• _Required work_
Your task is to restate the listing word for word without the pictures.

• _Data to examine_
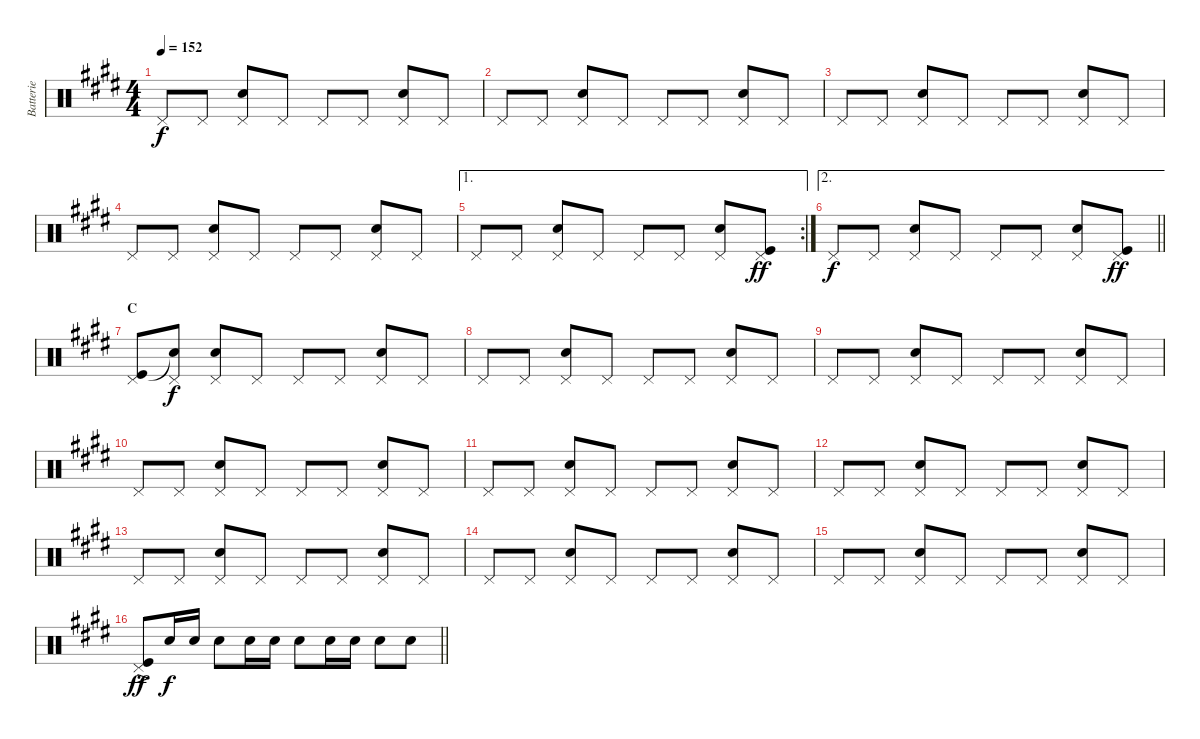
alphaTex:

\track ("Batterie" "Batterie") {instrument percussion}
\staff {score}
\articulation defaults
\ts (4 4)
\tempo 152
\clef neutral
\ks e "Pedal Hi-Hat (hit)".8{dy f} "Pedal Hi-Hat (hit)".8
("Pedal Hi-Hat (hit)" "Electric Snare (hit)").8 "Pedal Hi-Hat (hit)".8 "Pedal Hi-Hat (hit)".8 "Pedal Hi-Hat (hit)".8 ("Pedal Hi-Hat (hit)" "Electric Snare (hit)").8 "Pedal Hi-Hat (hit)".8 |
"Pedal Hi-Hat (hit)".8 "Pedal Hi-Hat (hit)".8 ("Pedal Hi-Hat (hit)" "Electric Snare (hit)").8 "Pedal Hi-Hat (hit)".8 "Pedal Hi-Hat (hit)".8 "Pedal Hi-Hat (hit)".8 ("Pedal Hi-Hat (hit)" "Electric Snare (hit)").8 "Pedal Hi-Hat (hit)".8 |
"Pedal Hi-Hat (hit)".8 "Pedal Hi-Hat (hit)".8 ("Pedal Hi-Hat (hit)" "Electric Snare (hit)").8 "Pedal Hi-Hat (hit)".8 "Pedal Hi-Hat (hit)".8 "Pedal Hi-Hat (hit)".8 ("Pedal Hi-Hat (hit)" "Electric Snare (hit)").8 "Pedal Hi-Hat (hit)".8 |
"Pedal Hi-Hat (hit)".8 "Pedal Hi-Hat (hit)".8 ("Pedal Hi-Hat (hit)" "Electric Snare (hit)").8 "Pedal Hi-Hat (hit)".8 "Pedal Hi-Hat (hit)".8 "Pedal Hi-Hat (hit)".8 ("Pedal Hi-Hat (hit)" "Electric Snare (hit)").8 "Pedal Hi-Hat (hit)".8 |
\ae 1
\rc 2 "Pedal Hi-Hat (hit)".8 "Pedal Hi-Hat (hit)".8
("Pedal Hi-Hat (hit)" "Electric Snare (hit)").8 "Pedal Hi-Hat (hit)".8 "Pedal Hi-Hat (hit)".8 "Pedal Hi-Hat (hit)".8 ("Pedal Hi-Hat (hit)" "Electric Snare (hit)").8 ("Pedal Hi-Hat (hit)" "Kick (hit)").8{dy ff} |
\ae 2
\barLineRight lightlight "Pedal Hi-Hat (hit)".8{dy f} "Pedal Hi-Hat (hit)".8
("Pedal Hi-Hat (hit)" "Electric Snare (hit)").8 "Pedal Hi-Hat (hit)".8 "Pedal Hi-Hat (hit)".8 "Pedal Hi-Hat (hit)".8 ("Pedal Hi-Hat (hit)" "Electric Snare (hit)").8 ("Pedal Hi-Hat (hit)" "Kick (hit)").8{dy ff} |
\section ("" "C")
("Pedal Hi-Hat (hit)" "Kick (hit)").8 ("Pedal Hi-Hat (hit)" "Snare (hit)"{t}).8{dy f} ("Pedal Hi-Hat (hit)" "Electric Snare (hit)").8 "Pedal Hi-Hat (hit)".8 "Pedal Hi-Hat (hit)".8 "Pedal Hi-Hat (hit)".8 ("Pedal Hi-Hat (hit)" "Electric Snare (hit)").8 "Pedal Hi-Hat (hit)".8 |
"Pedal Hi-Hat (hit)".8 "Pedal Hi-Hat (hit)".8 ("Pedal Hi-Hat (hit)" "Electric Snare (hit)").8 "Pedal Hi-Hat (hit)".8 "Pedal Hi-Hat (hit)".8 "Pedal Hi-Hat (hit)".8 ("Pedal Hi-Hat (hit)" "Electric Snare (hit)").8 "Pedal Hi-Hat (hit)".8 |
"Pedal Hi-Hat (hit)".8 "Pedal Hi-Hat (hit)".8 ("Pedal Hi-Hat (hit)" "Electric Snare (hit)").8 "Pedal Hi-Hat (hit)".8 "Pedal Hi-Hat (hit)".8 "Pedal Hi-Hat (hit)".8 ("Pedal Hi-Hat (hit)" "Electric Snare (hit)").8 "Pedal Hi-Hat (hit)".8 |
"Pedal Hi-Hat (hit)".8 "Pedal Hi-Hat (hit)".8 ("Pedal Hi-Hat (hit)" "Electric Snare (hit)").8 "Pedal Hi-Hat (hit)".8 "Pedal Hi-Hat (hit)".8 "Pedal Hi-Hat (hit)".8 ("Pedal Hi-Hat (hit)" "Electric Snare (hit)").8 "Pedal Hi-Hat (hit)".8 |
"Pedal Hi-Hat (hit)".8 "Pedal Hi-Hat (hit)".8 ("Pedal Hi-Hat (hit)" "Electric Snare (hit)").8 "Pedal Hi-Hat (hit)".8 "Pedal Hi-Hat (hit)".8 "Pedal Hi-Hat (hit)".8 ("Pedal Hi-Hat (hit)" "Electric Snare (hit)").8 "Pedal Hi-Hat (hit)".8 |
"Pedal Hi-Hat (hit)".8 "Pedal Hi-Hat (hit)".8 ("Pedal Hi-Hat (hit)" "Electric Snare (hit)").8 "Pedal Hi-Hat (hit)".8 "Pedal Hi-Hat (hit)".8 "Pedal Hi-Hat (hit)".8 ("Pedal Hi-Hat (hit)" "Electric Snare (hit)").8 "Pedal Hi-Hat (hit)".8 |
"Pedal Hi-Hat (hit)".8 "Pedal Hi-Hat (hit)".8 ("Pedal Hi-Hat (hit)" "Electric Snare (hit)").8 "Pedal Hi-Hat (hit)".8 "Pedal Hi-Hat (hit)".8 "Pedal Hi-Hat (hit)".8 ("Pedal Hi-Hat (hit)" "Electric Snare (hit)").8 "Pedal Hi-Hat (hit)".8 |
"Pedal Hi-Hat (hit)".8 "Pedal Hi-Hat (hit)".8 ("Pedal Hi-Hat (hit)" "Electric Snare (hit)").8 "Pedal Hi-Hat (hit)".8 "Pedal Hi-Hat (hit)".8 "Pedal Hi-Hat (hit)".8 ("Pedal Hi-Hat (hit)" "Electric Snare (hit)").8 "Pedal Hi-Hat (hit)".8 |
"Pedal Hi-Hat (hit)".8 "Pedal Hi-Hat (hit)".8 ("Pedal Hi-Hat (hit)" "Electric Snare (hit)").8 "Pedal Hi-Hat (hit)".8 "Pedal Hi-Hat (hit)".8 "Pedal Hi-Hat (hit)".8 ("Pedal Hi-Hat (hit)" "Electric Snare (hit)").8 "Pedal Hi-Hat (hit)".8 |
\barLineRight lightlight
("Pedal Hi-Hat (hit)"{ac} "Kick (hit)"{ac}).8{dy ff} "Electric Snare (hit)".16{dy f} "Electric Snare (hit)".16 "Electric Snare (hit)".8 "Electric Snare (hit)".16 "Electric Snare (hit)".16 "Electric Snare (hit)".8 "Electric Snare (hit)".16 "Electric Snare (hit)".16 "Electric Snare (hit)".8 "Electric Snare (hit)".8

• _The answer_
alphaTex:

\track ("Batterie" "Batterie") {instrument percussion}
\staff {score}
\articulation defaults
\ts (4 4)
\tempo 152
\clef neutral
\ks e "Pedal Hi-Hat (hit)".8{dy f} "Pedal Hi-Hat (hit)".8
("Pedal Hi-Hat (hit)" "Electric Snare (hit)").8 "Pedal Hi-Hat (hit)".8 "Pedal Hi-Hat (hit)".8 "Pedal Hi-Hat (hit)".8 ("Pedal Hi-Hat (hit)" "Electric Snare (hit)").8 "Pedal Hi-Hat (hit)".8 |
"Pedal Hi-Hat (hit)".8 "Pedal Hi-Hat (hit)".8 ("Pedal Hi-Hat (hit)" "Electric Snare (hit)").8 "Pedal Hi-Hat (hit)".8 "Pedal Hi-Hat (hit)".8 "Pedal Hi-Hat (hit)".8 ("Pedal Hi-Hat (hit)" "Electric Snare (hit)").8 "Pedal Hi-Hat (hit)".8 |
"Pedal Hi-Hat (hit)".8 "Pedal Hi-Hat (hit)".8 ("Pedal Hi-Hat (hit)" "Electric Snare (hit)").8 "Pedal Hi-Hat (hit)".8 "Pedal Hi-Hat (hit)".8 "Pedal Hi-Hat (hit)".8 ("Pedal Hi-Hat (hit)" "Electric Snare (hit)").8 "Pedal Hi-Hat (hit)".8 |
"Pedal Hi-Hat (hit)".8 "Pedal Hi-Hat (hit)".8 ("Pedal Hi-Hat (hit)" "Electric Snare (hit)").8 "Pedal Hi-Hat (hit)".8 "Pedal Hi-Hat (hit)".8 "Pedal Hi-Hat (hit)".8 ("Pedal Hi-Hat (hit)" "Electric Snare (hit)").8 "Pedal Hi-Hat (hit)".8 |
\ae 1
\rc 2 "Pedal Hi-Hat (hit)".8 "Pedal Hi-Hat (hit)".8
("Pedal Hi-Hat (hit)" "Electric Snare (hit)").8 "Pedal Hi-Hat (hit)".8 "Pedal Hi-Hat (hit)".8 "Pedal Hi-Hat (hit)".8 ("Pedal Hi-Hat (hit)" "Electric Snare (hit)").8 ("Pedal Hi-Hat (hit)" "Kick (hit)").8{dy ff} |
\ae 2
\barLineRight lightlight "Pedal Hi-Hat (hit)".8{dy f} "Pedal Hi-Hat (hit)".8
("Pedal Hi-Hat (hit)" "Electric Snare (hit)").8 "Pedal Hi-Hat (hit)".8 "Pedal Hi-Hat (hit)".8 "Pedal Hi-Hat (hit)".8 ("Pedal Hi-Hat (hit)" "Electric Snare (hit)").8 ("Pedal Hi-Hat (hit)" "Kick (hit)").8{dy ff} |
\section ("" "C")
("Pedal Hi-Hat (hit)" "Kick (hit)").8 ("Pedal Hi-Hat (hit)" "Snare (hit)"{t}).8{dy f} ("Pedal Hi-Hat (hit)" "Electric Snare (hit)").8 "Pedal Hi-Hat (hit)".8 "Pedal Hi-Hat (hit)".8 "Pedal Hi-Hat (hit)".8 ("Pedal Hi-Hat (hit)" "Electric Snare (hit)").8 "Pedal Hi-Hat (hit)".8 |
"Pedal Hi-Hat (hit)".8 "Pedal Hi-Hat (hit)".8 ("Pedal Hi-Hat (hit)" "Electric Snare (hit)").8 "Pedal Hi-Hat (hit)".8 "Pedal Hi-Hat (hit)".8 "Pedal Hi-Hat (hit)".8 ("Pedal Hi-Hat (hit)" "Electric Snare (hit)").8 "Pedal Hi-Hat (hit)".8 |
"Pedal Hi-Hat (hit)".8 "Pedal Hi-Hat (hit)".8 ("Pedal Hi-Hat (hit)" "Electric Snare (hit)").8 "Pedal Hi-Hat (hit)".8 "Pedal Hi-Hat (hit)".8 "Pedal Hi-Hat (hit)".8 ("Pedal Hi-Hat (hit)" "Electric Snare (hit)").8 "Pedal Hi-Hat (hit)".8 |
"Pedal Hi-Hat (hit)".8 "Pedal Hi-Hat (hit)".8 ("Pedal Hi-Hat (hit)" "Electric Snare (hit)").8 "Pedal Hi-Hat (hit)".8 "Pedal Hi-Hat (hit)".8 "Pedal Hi-Hat (hit)".8 ("Pedal Hi-Hat (hit)" "Electric Snare (hit)").8 "Pedal Hi-Hat (hit)".8 |
"Pedal Hi-Hat (hit)".8 "Pedal Hi-Hat (hit)".8 ("Pedal Hi-Hat (hit)" "Electric Snare (hit)").8 "Pedal Hi-Hat (hit)".8 "Pedal Hi-Hat (hit)".8 "Pedal Hi-Hat (hit)".8 ("Pedal Hi-Hat (hit)" "Electric Snare (hit)").8 "Pedal Hi-Hat (hit)".8 |
"Pedal Hi-Hat (hit)".8 "Pedal Hi-Hat (hit)".8 ("Pedal Hi-Hat (hit)" "Electric Snare (hit)").8 "Pedal Hi-Hat (hit)".8 "Pedal Hi-Hat (hit)".8 "Pedal Hi-Hat (hit)".8 ("Pedal Hi-Hat (hit)" "Electric Snare (hit)").8 "Pedal Hi-Hat (hit)".8 |
"Pedal Hi-Hat (hit)".8 "Pedal Hi-Hat (hit)".8 ("Pedal Hi-Hat (hit)" "Electric Snare (hit)").8 "Pedal Hi-Hat (hit)".8 "Pedal Hi-Hat (hit)".8 "Pedal Hi-Hat (hit)".8 ("Pedal Hi-Hat (hit)" "Electric Snare (hit)").8 "Pedal Hi-Hat (hit)".8 |
"Pedal Hi-Hat (hit)".8 "Pedal Hi-Hat (hit)".8 ("Pedal Hi-Hat (hit)" "Electric Snare (hit)").8 "Pedal Hi-Hat (hit)".8 "Pedal Hi-Hat (hit)".8 "Pedal Hi-Hat (hit)".8 ("Pedal Hi-Hat (hit)" "Electric Snare (hit)").8 "Pedal Hi-Hat (hit)".8 |
"Pedal Hi-Hat (hit)".8 "Pedal Hi-Hat (hit)".8 ("Pedal Hi-Hat (hit)" "Electric Snare (hit)").8 "Pedal Hi-Hat (hit)".8 "Pedal Hi-Hat (hit)".8 "Pedal Hi-Hat (hit)".8 ("Pedal Hi-Hat (hit)" "Electric Snare (hit)").8 "Pedal Hi-Hat (hit)".8 |
\barLineRight lightlight
("Pedal Hi-Hat (hit)"{ac} "Kick (hit)"{ac}).8{dy ff} "Electric Snare (hit)".16{dy f} "Electric Snare (hit)".16 "Electric Snare (hit)".8 "Electric Snare (hit)".16 "Electric Snare (hit)".16 "Electric Snare (hit)".8 "Electric Snare (hit)".16 "Electric Snare (hit)".16 "Electric Snare (hit)".8 "Electric Snare (hit)".8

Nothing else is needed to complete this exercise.